Francisco Goya

Topics: Spain, The Disasters of War, Spanish Inquisition Pages: 5 (1987 words) Published: March 21, 2011
Through his art, Francisco Goya relayed his feelings toward the political unrest that plagued Spain during his lifetime. As an artist of the late eighteenth and early nineteenth centuries, Goya lived through a time of political and social upheaval, especially throughout Europe. At the time, the ideas of the Enlightenment had captivated the minds of Spain’s most influential citizens and soon, that of Goya’s. Born in Fuendetodos, Spain, in 1746, Francisco Goya came from very humble beginnings. As the son of a gilder, Goya grew up in the lower class of society, and even after his amazing success as court painter to Spanish royalty, he highly identified himself with the everyday Spaniard or majo. It is this very bond to the people that followed him throughout his life and career. Later, Goya’s portraits, drawings, etchings, and paintings would reflect an internal division that overcame him as his fame and fortune increased. Despite his future camaraderie with the Spanish elite, Goya’s early works often depicted the upper class as somewhat artificial or masked. In fact, this masked-ness is a motif in many of Goya’s works.
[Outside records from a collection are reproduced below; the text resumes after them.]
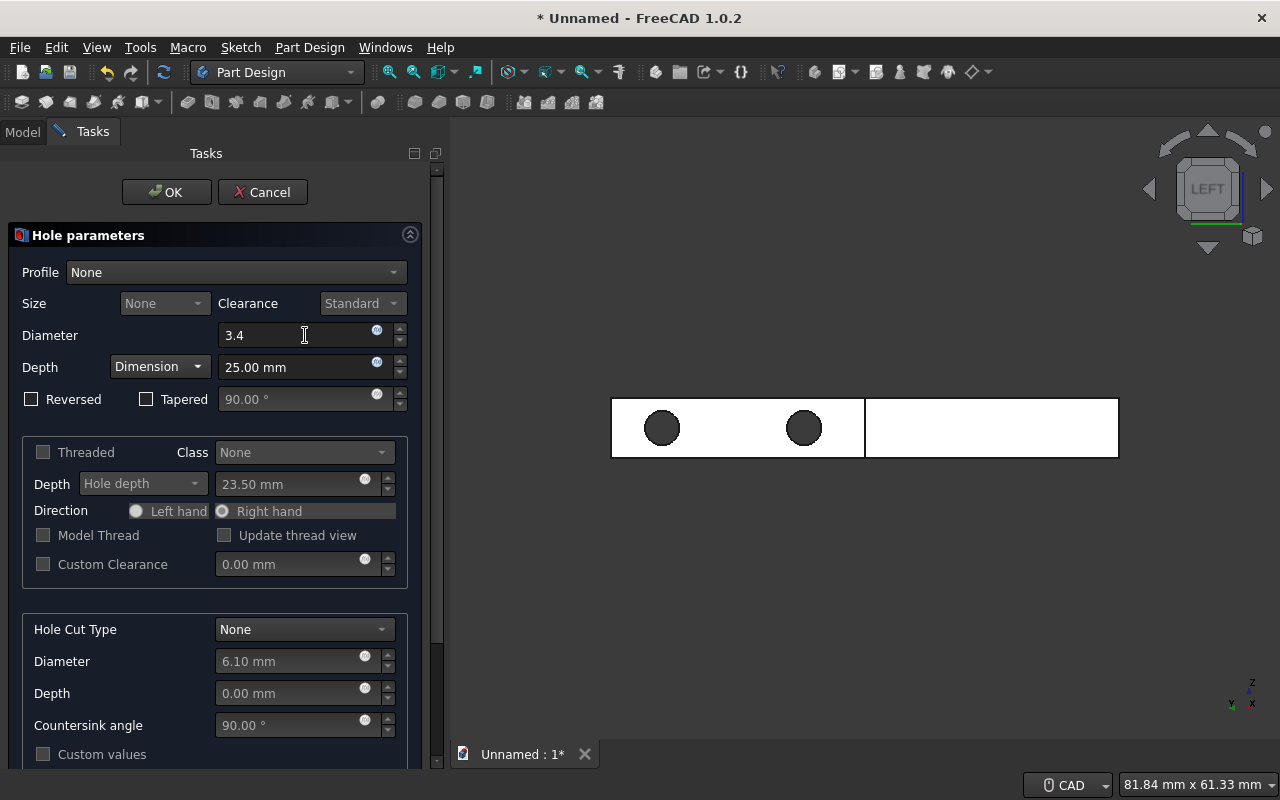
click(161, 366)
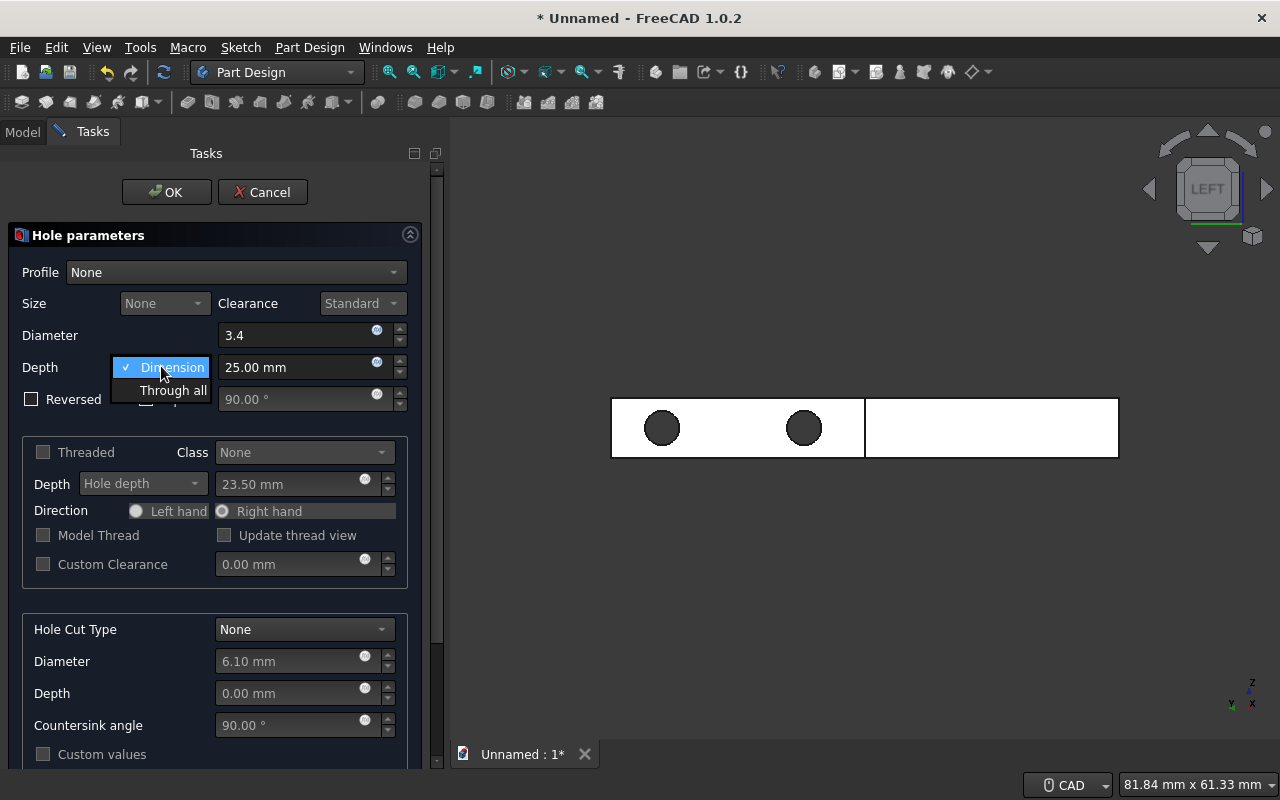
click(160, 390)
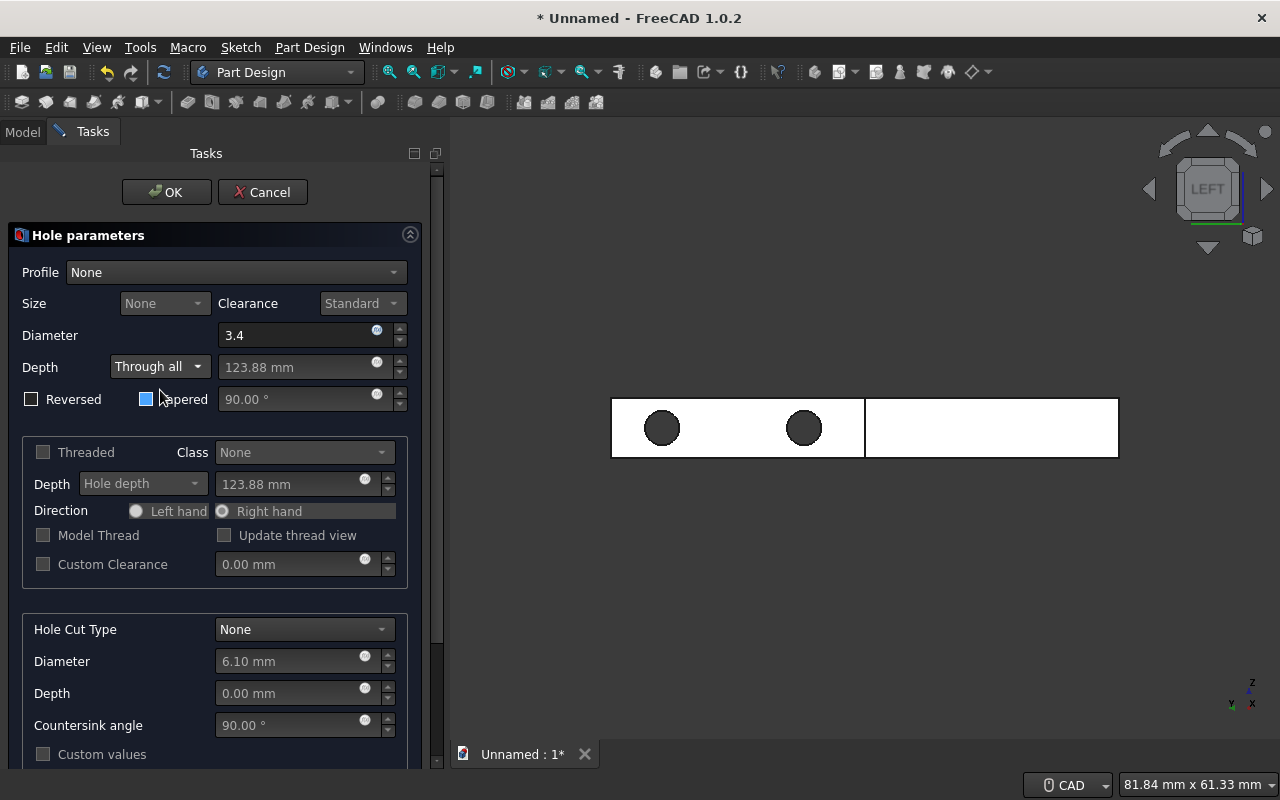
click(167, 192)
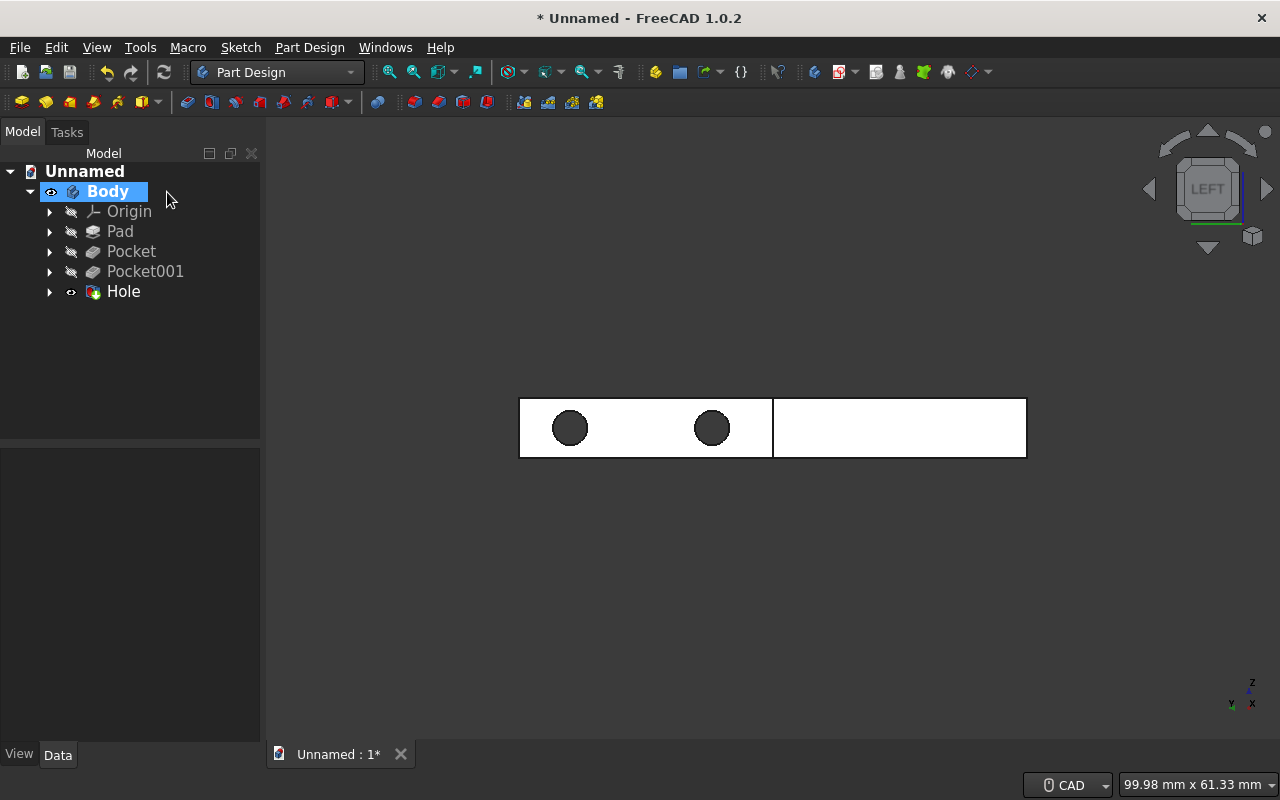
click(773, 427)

The contrast between classes is illustrated throughout his tapestry cartoons. These cartoons accurately depict Spanish men and women doing a range of things from enjoying leisurely activities, working, and carrying out very Spanish traditions. Although Goya had a profound connection to his majos and majas, he also shared the beliefs of enlightened thinkers of the times. Figures like Jovellanos, minister to king Charles III, appealed to the other side of Goya. Jovellanos and other Spanish reformers would later be his patrons and comrades and they certainly did not advocate a traditional Spain or for the traditional views of the majevos. Goya’s artistic talents catapulted him to the top of his craft, however he did not forget his origins. Through his art alone, he illustrated the lives of Spaniards both rich and poor in a and time of struggle and democratic revolution, and captured the utter brutality and stupidity of war.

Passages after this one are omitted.